Multi-layer perceptrons (MLPs), also known as fully-connected feedforward neural networks, are foundational models in deep learning. They are used to approximate nonlinear functions and despite their significance, they have a few drawbacks. One of the limitations is that in applications like transformers, MLPs tend to control parameters and they lack interpretability compared to attention layers. When searching for alternatives, the focus has largely been on conventional depth-2 width-(2n+1) architectures, while ignoring modern training methods like backpropagation. Therefore, the ongoing exploration aims at developing more effective nonlinear regressors in neural network designs, even though MLPs still remain significant.
Research teams from MIT, Caltech, Northeastern, and the NSF Institute for AI and Fundamental Interactions have developed a potential alternative to MLPs called Kolmogorov-Arnold Networks (KANs). KANs use learnable activation functions on edges, which contrasts MLPs that have fixed node activation functions. They also replace linear weights with parametrized splines. This adaptation enables KANs to offer better accuracy and interpretability than MLPs. Mathematical and empirical examinations have shown that KANs perform better especially when handling high-dimensional data and for scientific problem-solving. This research introduces the architecture of KAN, compares the model with MLPs, and presents the interpretability and applicability of KAN in scientific discoveries.

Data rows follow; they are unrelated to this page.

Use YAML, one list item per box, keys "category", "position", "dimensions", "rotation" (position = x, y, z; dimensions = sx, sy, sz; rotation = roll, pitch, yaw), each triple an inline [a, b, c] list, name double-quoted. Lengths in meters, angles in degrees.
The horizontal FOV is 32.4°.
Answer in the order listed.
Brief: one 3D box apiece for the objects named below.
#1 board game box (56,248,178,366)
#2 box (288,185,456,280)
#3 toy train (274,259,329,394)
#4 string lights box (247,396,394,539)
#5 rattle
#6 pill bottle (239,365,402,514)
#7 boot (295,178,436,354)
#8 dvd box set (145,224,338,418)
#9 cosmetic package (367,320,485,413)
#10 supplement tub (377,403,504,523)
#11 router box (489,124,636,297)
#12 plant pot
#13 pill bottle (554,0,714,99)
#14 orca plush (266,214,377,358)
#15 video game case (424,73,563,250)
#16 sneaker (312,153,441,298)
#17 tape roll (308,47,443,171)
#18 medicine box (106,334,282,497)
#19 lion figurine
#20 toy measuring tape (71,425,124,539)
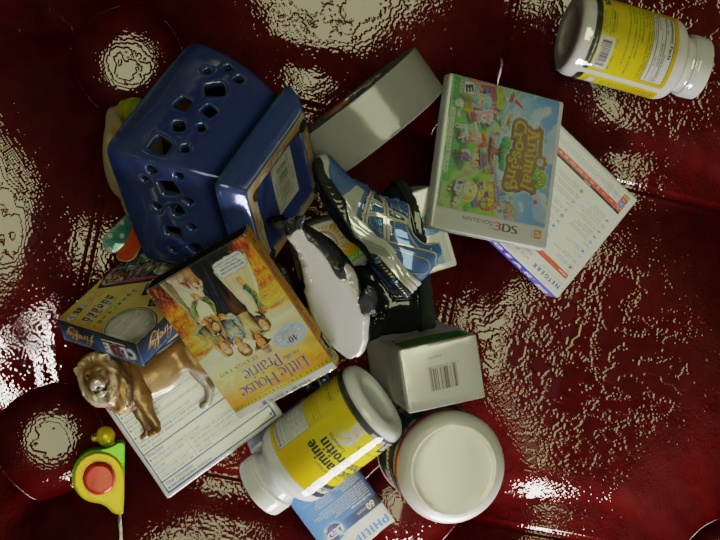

Previous literature explores the relationship between the Kolmogorov-Arnold theorem (KAT) and neural networks. However, this study expands the network to all sizes and depths, thereby making KAT more relevant in modern deep learning. The researchers also explored the Neural Scaling Laws (NSLs) to demonstrate how the Kolmogorov-Arnold representations aid rapid scaling. In terms of Mechanistic Interpretability (MI), the study designs inherently interpretable structures and explores learnable activations and symbolic regression methods. The KANs promise to replace MLPs in Physics-Informed Neural Networks (PINNs) and other AI applications in mathematics, particularly in knot theory.
Based on the findings of the study, KANs outperformed MLPs in representing functions across various tasks such as regression, solving partial differential equations, and continual learning. KANs showcased superior accuracy and efficiency, especially in capturing the complex structures of special functions and Feynman datasets. KANs also demonstrated the potential for scientific discovery in fields like knot theory. It should be noted, however, that while KANs enhance accuracy and interpretability, their training is slower compared to Multilayer Perceptrons. The study also identifies that improving efficiency still remains a challenge, thus inviting further research to optimize training speed. This means that for tasks that demand speed, MLPs are more practical while for ones that prioritize accuracy and interpretability KANs are better suited.